By Peter Bell

Rails, Cats and DSLs

Sam picked up on an interesting article and Sean put together a great response. I just wanted to look at the discussion from the perspective of Domain Specific Languages to provide another way of looking at such issues . . .

Rails (or MG:Unity) can be viewed as a collection of simple Domain Specific Languages for rapidly developing web applications (it also comes with a build in interpreter for the DSLs - that's the framework code). The strength of Domain Specific Languages is that they allow you to more efficiently capture your intent (less characters and effort are required to express the same functionality). Any Domain Specific Language will allow you to implement a class of functionality (workflows, controllers, wiring of beans, object relational mapping, validation, URL creation, etc.) more quickly that implementing the same functionality in ColdFusion, Ruby or Java directly.

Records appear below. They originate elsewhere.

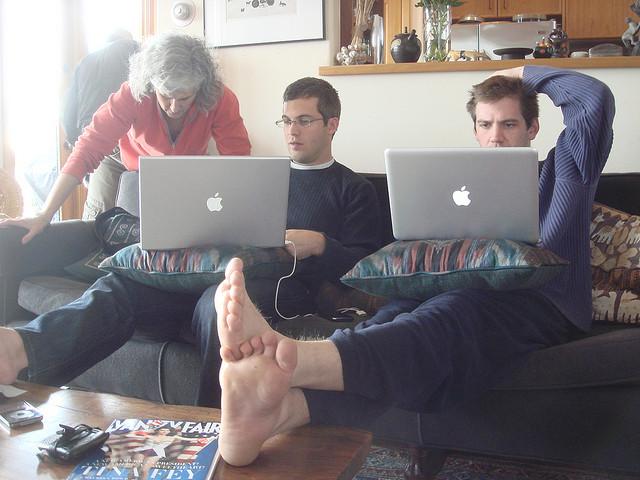What brand computers are these?
Concise answer only. Apple. What appears to be the guys moods?
Keep it brief. Serious. How many computers are there?
Short answer required. 2. 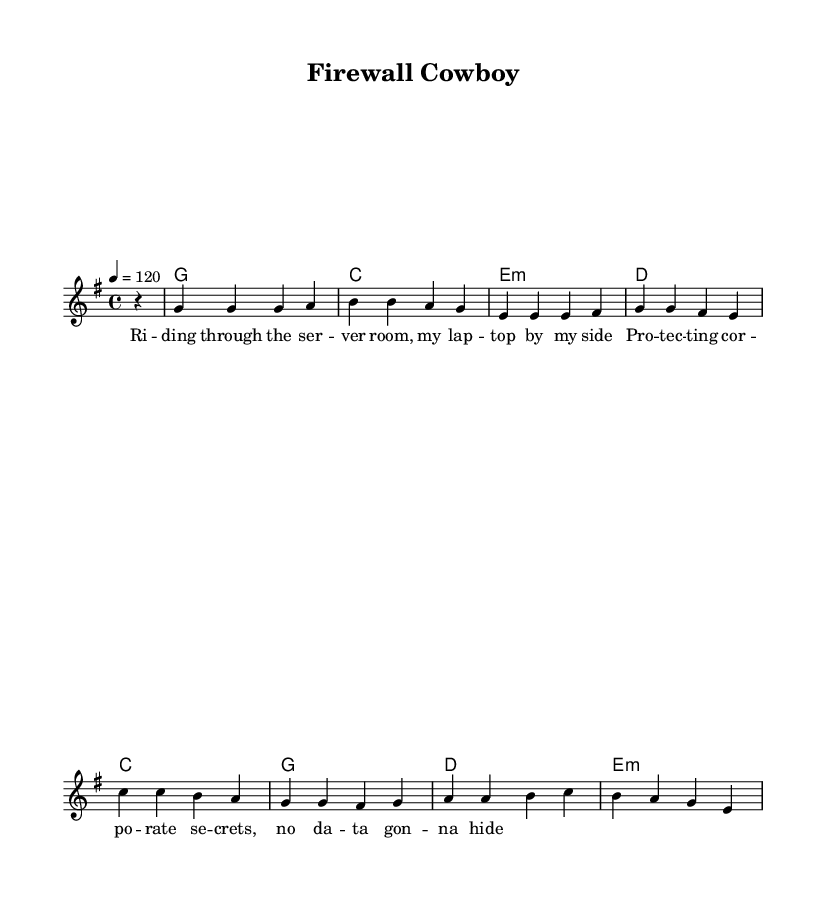What is the key signature of this music? The key signature is G major, which has one sharp (F#).
Answer: G major What is the time signature of this piece? The time signature is 4/4, which means there are four beats in a measure.
Answer: 4/4 What is the tempo marking for this piece? The tempo marking indicates a speed of 120 beats per minute (BPM).
Answer: 120 How many measures are in the verse? The verse contains four measures as indicated by the partial and full measure counts in the melody.
Answer: Four What is the primary theme of the lyrics? The primary theme revolves around protecting corporate secrets and data security, linking it to the imagery of a 'firewall cowboy.'
Answer: Corporate espionage What chord follows the 'C' chord in the progression? The chord that follows the 'C' chord in the progression is 'E minor.'
Answer: E minor What kind of lyrics are present in this music? The lyrics reflect a narrative style, telling a story about digital security and protection against hackers.
Answer: Narrative 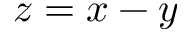Convert formula to latex. <formula><loc_0><loc_0><loc_500><loc_500>z = x - y</formula> 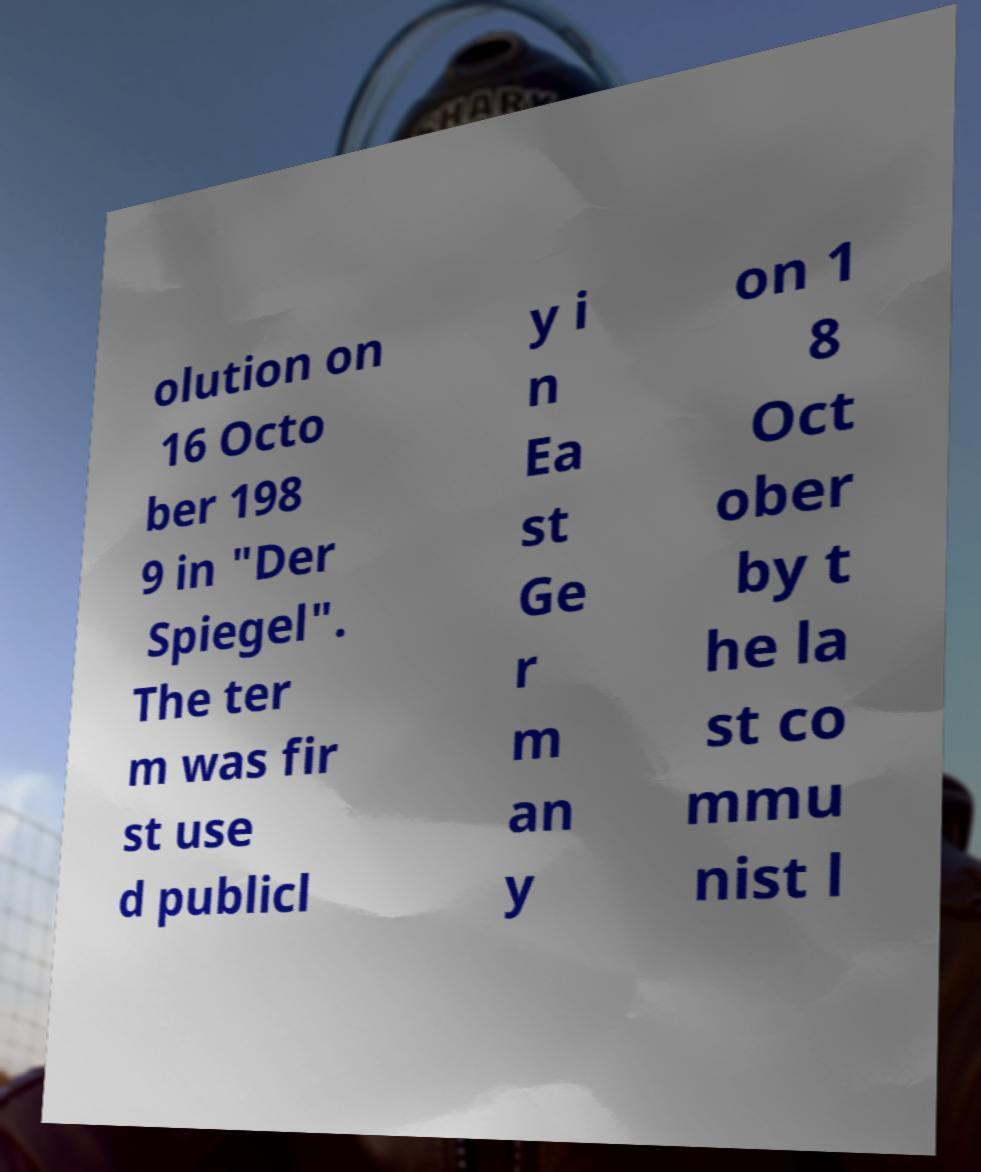Please identify and transcribe the text found in this image. olution on 16 Octo ber 198 9 in "Der Spiegel". The ter m was fir st use d publicl y i n Ea st Ge r m an y on 1 8 Oct ober by t he la st co mmu nist l

However, as Sean pointed out, there is a learning curve to any language (whether it is a framework, a tag, an XML schema, boxes and arrows, a table based interface for entering requirements or whatever). So the amount of times you'll use the language and the amount of time it'll save you must be compared to the learning curve. Whether it is worth using a DSL depends on how well your use cases overlap with those envisioned by the DSL author, the steepness of the customization cliff, the ease of learning the language, the power of the language, and like learning human languages - the number of other languages you're learnt in the past. In my experience, someone who has learnt fifteen frameworks will probably have a much easier time picking their sixteenth.